One of the most important aspects of depression that concern parents is the risk of suicide. Parents should watch for certain signs and behaviours that may indicate a teen is thinking about suicide, such as engaging in risky behaviour, showing a personality change, giving away possessions, writing poems or stories about death or suicide, and withdrawing from others. A teen may also make disturbing comments, such as “I’d be better off dead,” or “There’s no way out.” In addition, they may talk or joke about suicide, romanticize the idea of death, seek out a means for killing themselves (such as weapons or pills), or start saying good-bye to others in a final manner. If a parent notices any of these behaviours or is concerned about his or her child’s safety, then they should seek treatment immediately.

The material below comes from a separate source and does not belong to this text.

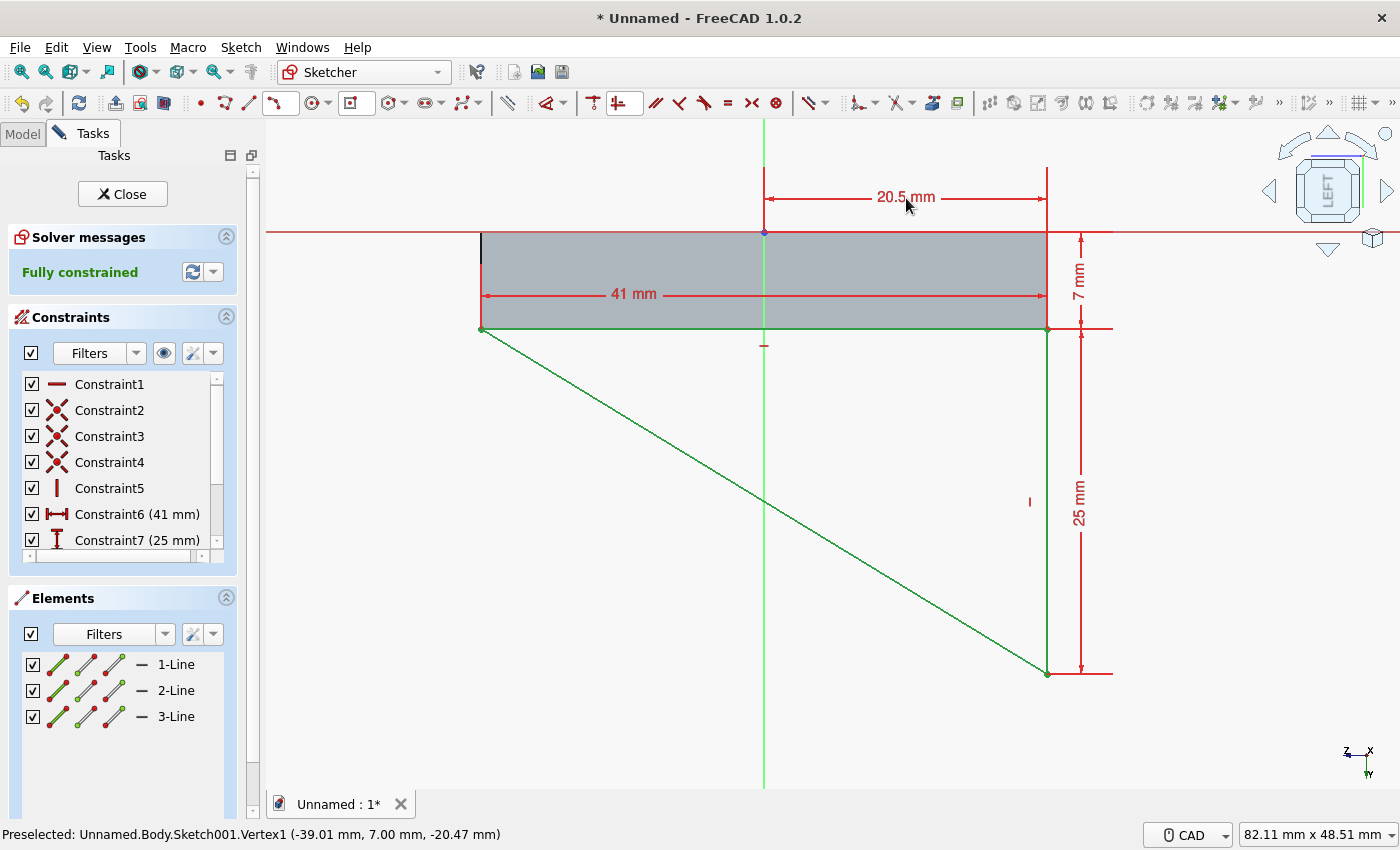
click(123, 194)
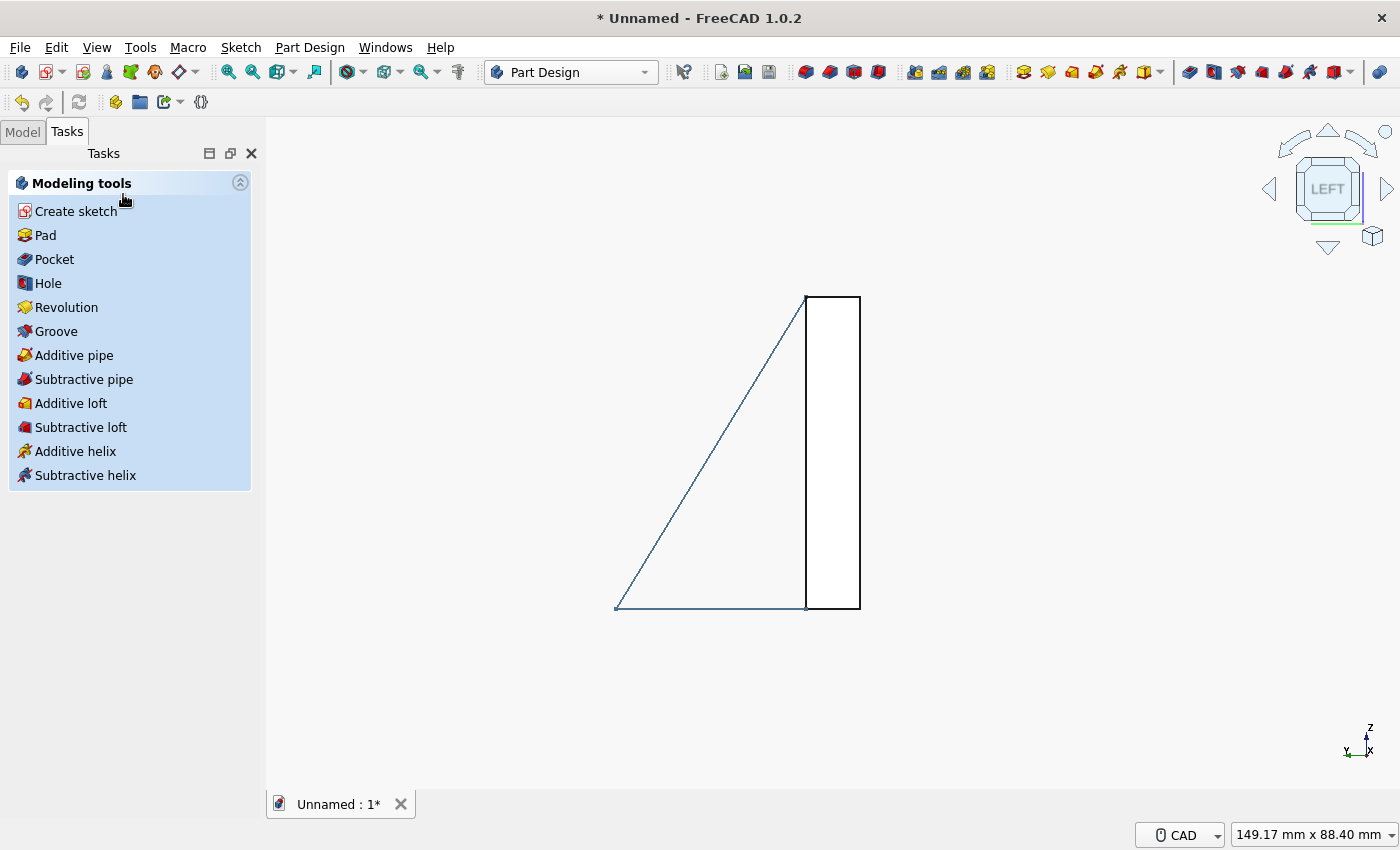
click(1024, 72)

Depression in teens in highly treatable, as long as adults learn how to recognize it so that they can get the help they need. A parent should begin by talking to their child, sharing their concerns, and offering support, without lecturing or burdening the child with a barrage of questions. A teen can receive treatment through medical means, such as antidepressants, but these must be monitored carefully for adverse side effects. Therapy can also be helpful, as the teen can be taught healthy coping strategies and positive thinking patterns, as well as have a place to share feelings, feel supported, and enhance self-esteem. While in treatment, a parent can help their child’s recovery by being patient, supportive, and understanding, as well as encouraging healthy habits, such as physical activity, social involvement, adequate sleep, and preventing the use of alcohol and drugs. It will also be important for parents to look after themselves during this time, as dealing with these issues can be very stressful.
Like many adults, teens go through hard times that may result in feelings of depression. Although this can be stressful for the family, treatment can be very successful in alleviating symptoms and helping teens to cope, which will result in a strong resiliency for the future.